The book of abstracts is now online! It contains information about the event, a list of participants and all abstracts. Klick on the image for a download. A printout will be handed out in the beginning of the workshop, too.



Andreas Münch (U Oxford), Wednesday

Fingering Instabilities in Thin Film Dynamics.

Thin films with moving contact lines frequently form a capillary rim that are susceptible to an instability that corrugates the rim and the contact line in the spanwise direction and grows into finger-like structures. This instability is observed in gravity- or marangoni-driven liquids as well as in films that dewet from an hydrophobic surface. The investigation of this instability via thin film models involves a variety of interesting mathematical structures and techniques some of which will be presented and discussed in this talk, such as undercompressive shocks, the derivation and analysis of sharp interface models for the capillary rims.

Dorothee Knees (WIAS Berlin), Thursday

Weak solutions for rate-independent systems illustrated at an example for crack propagation.

Many processes in nature can be considered as rate-independent processes. Typical examples are the evolution of damage and fracture in brittle materials or elastoplasticity.

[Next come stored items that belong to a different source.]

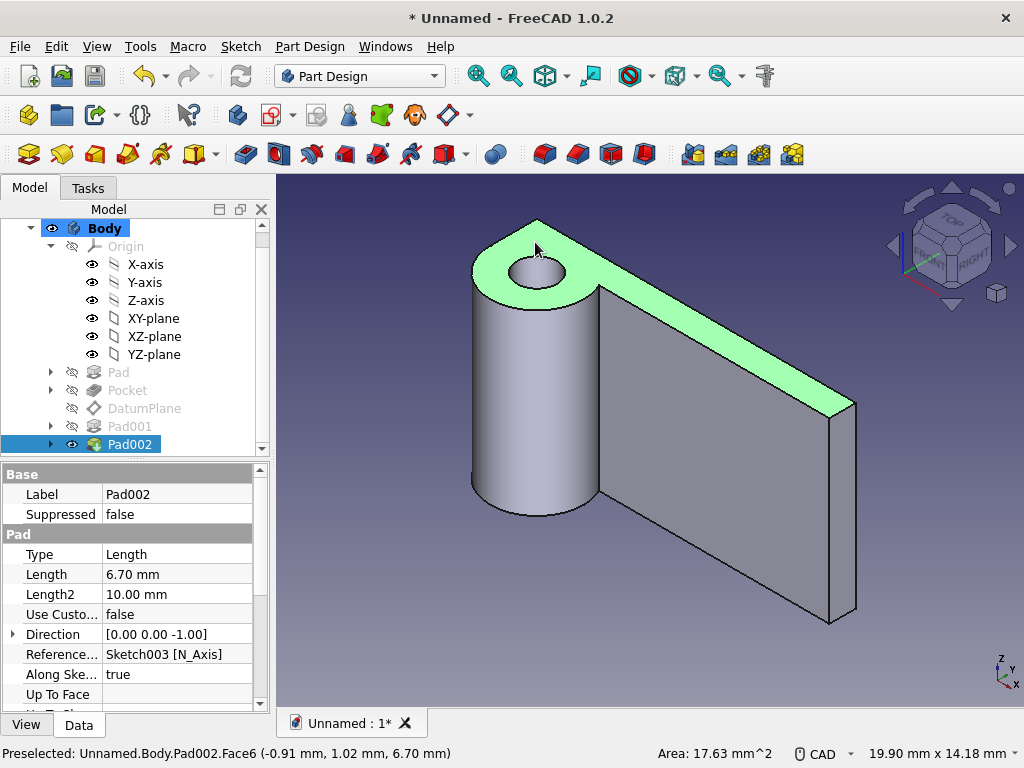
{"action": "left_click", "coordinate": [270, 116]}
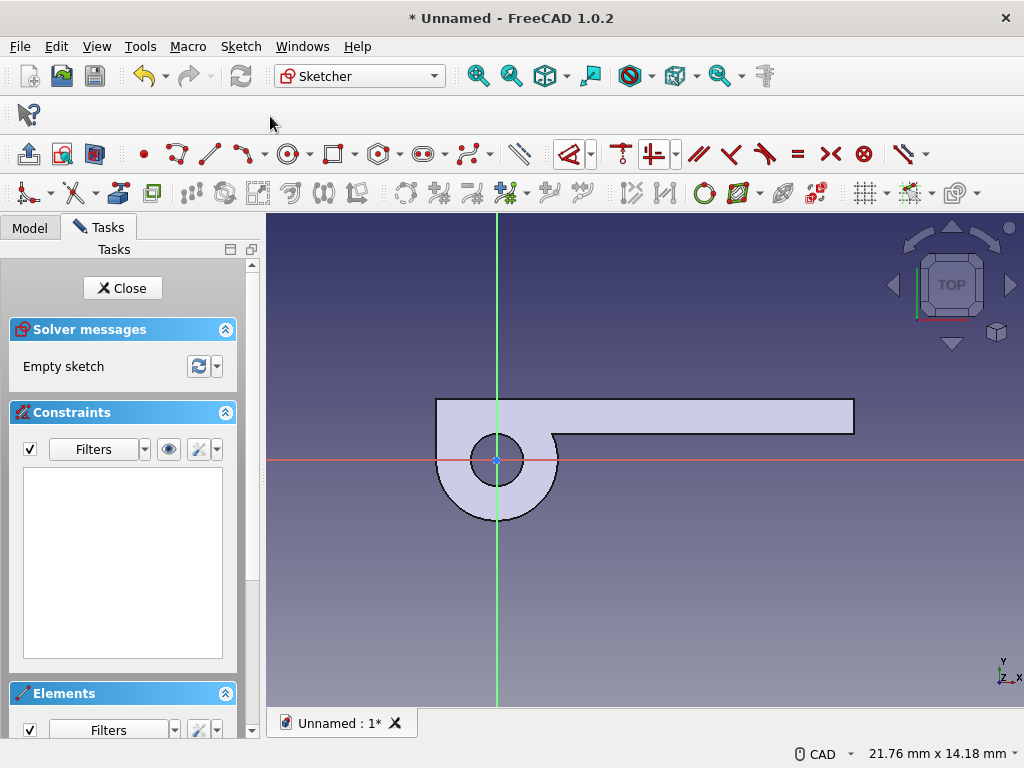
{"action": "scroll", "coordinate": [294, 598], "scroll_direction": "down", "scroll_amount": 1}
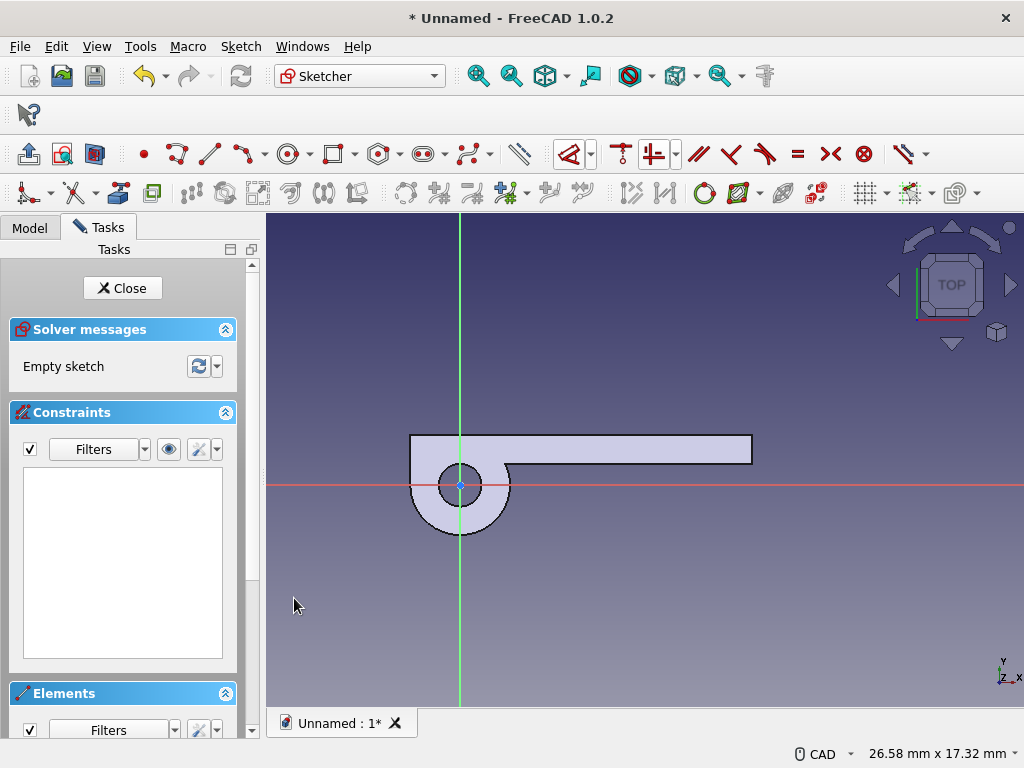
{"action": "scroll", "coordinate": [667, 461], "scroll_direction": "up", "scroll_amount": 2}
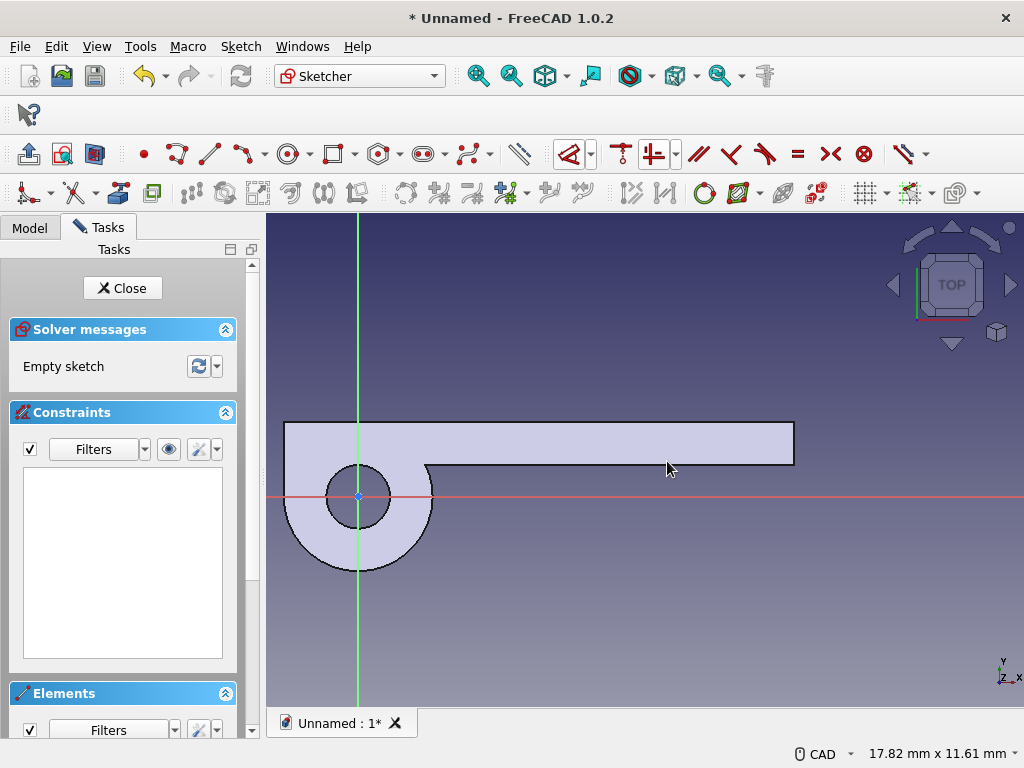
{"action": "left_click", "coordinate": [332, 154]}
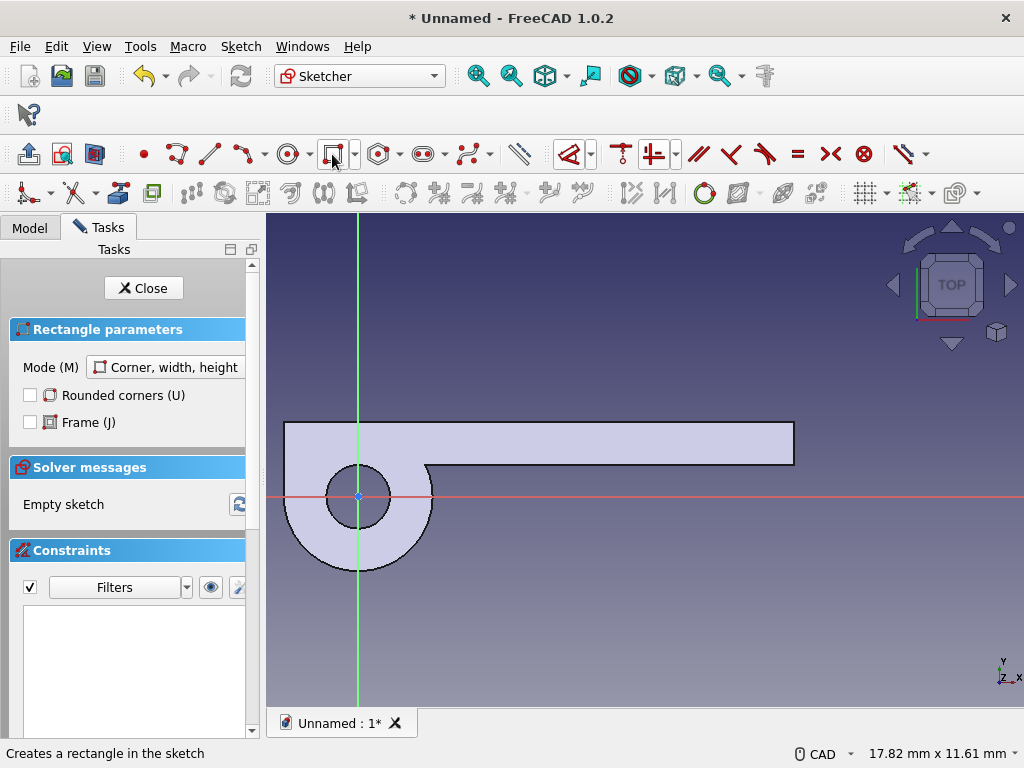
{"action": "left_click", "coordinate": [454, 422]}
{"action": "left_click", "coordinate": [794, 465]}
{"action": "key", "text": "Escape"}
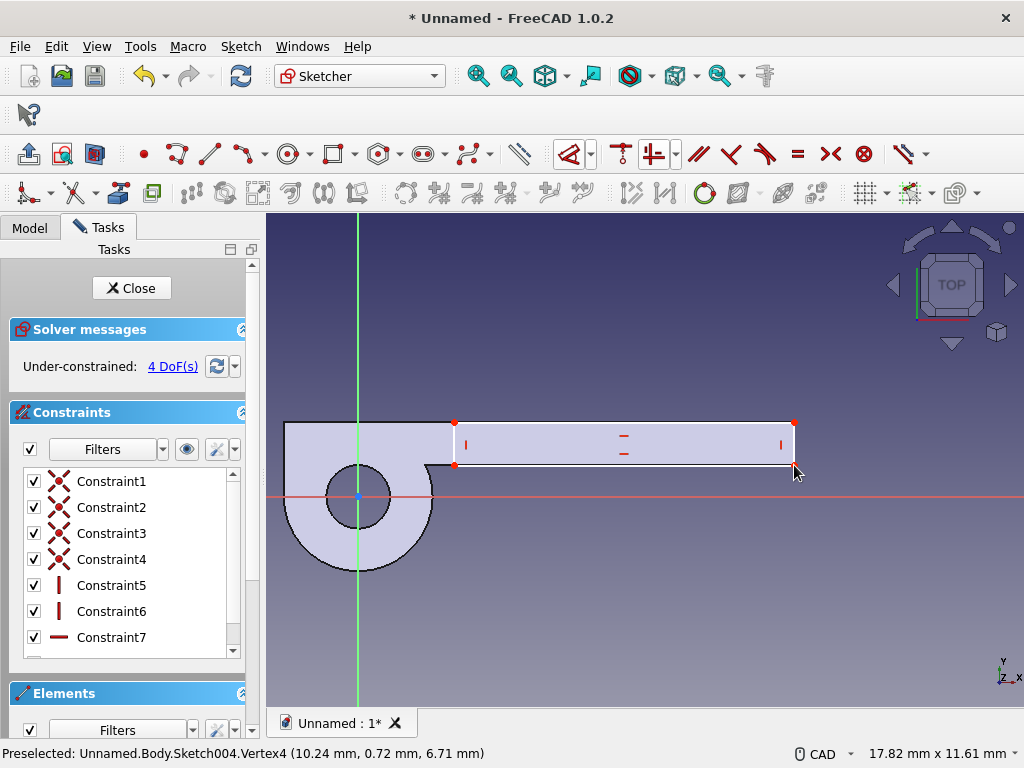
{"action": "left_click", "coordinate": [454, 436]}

In the corresponding models it is assumed that the actual state of the material can be completely characterized by the displacement field and a collection of internal variables that characterize for instance the damage state or the plastic deformation. The model describing the evolution of these quantities with respect to external loadings consist of a (quasistatic) balance of forces resulting in a system of linear elliptic equations that is coupled with an evolutionary variational inequality describing the changes of the internal variables. This coupled system can be derived from an energy functional and a dissipation potential, which, due to rate-independence, is positively homogeneous of degree one.

Since in many applications the energy functional is not simultaneously convex with respect to the displacements and the internal variables, solutions of the evolution system might be discontinuous in time. Hence, weak formulations and suitable jump criteria are needed that lead to physically reasonable solutions.

In this lecture we discuss different possibilities to define weak solutions and illustrate the predictions with a model describing the propagation of a single crack in a brittle elastic material.

Martin Burger (Münster U), Friday

Mathematics of Collective Behaviour - Complex Patterns and Minimal Models.

The mathematical modelling of collective behaviour of organisms is receiving increasing attention in the recent years. Examples are the formation of consenus in human societies, herding of sheep and of market traders, insect swarming, bird flocking, or collective cell migration and chemotaxis. Although those processes go on on different scales and produce a variety of complex patterns, they share a surprisingly similar structure.

This talk will provide an overview of the modelling from a mathematician's viewpoint and demonstrate that (besides pre-existing patterns in the environment) the main source of pattern formation is an interaction of two effects, namely long-range attraction and short-range repulsion. In macroscopic models based on partial differential equations, this typically means a combination of a (nonlinear) diffusion term with an integral operator.

In order to understand this interplay minimal mathematical models will be derived and analyzed, which contribute strongly to the understanding of basic mechanisms of pattern formation and phase transitions with respect to system parameters as found in real data and detailed microscopic simulations.


Tobias Ahnert (TU Berlin)

Multiphase model for dilute and non-dilute flow of suspensions.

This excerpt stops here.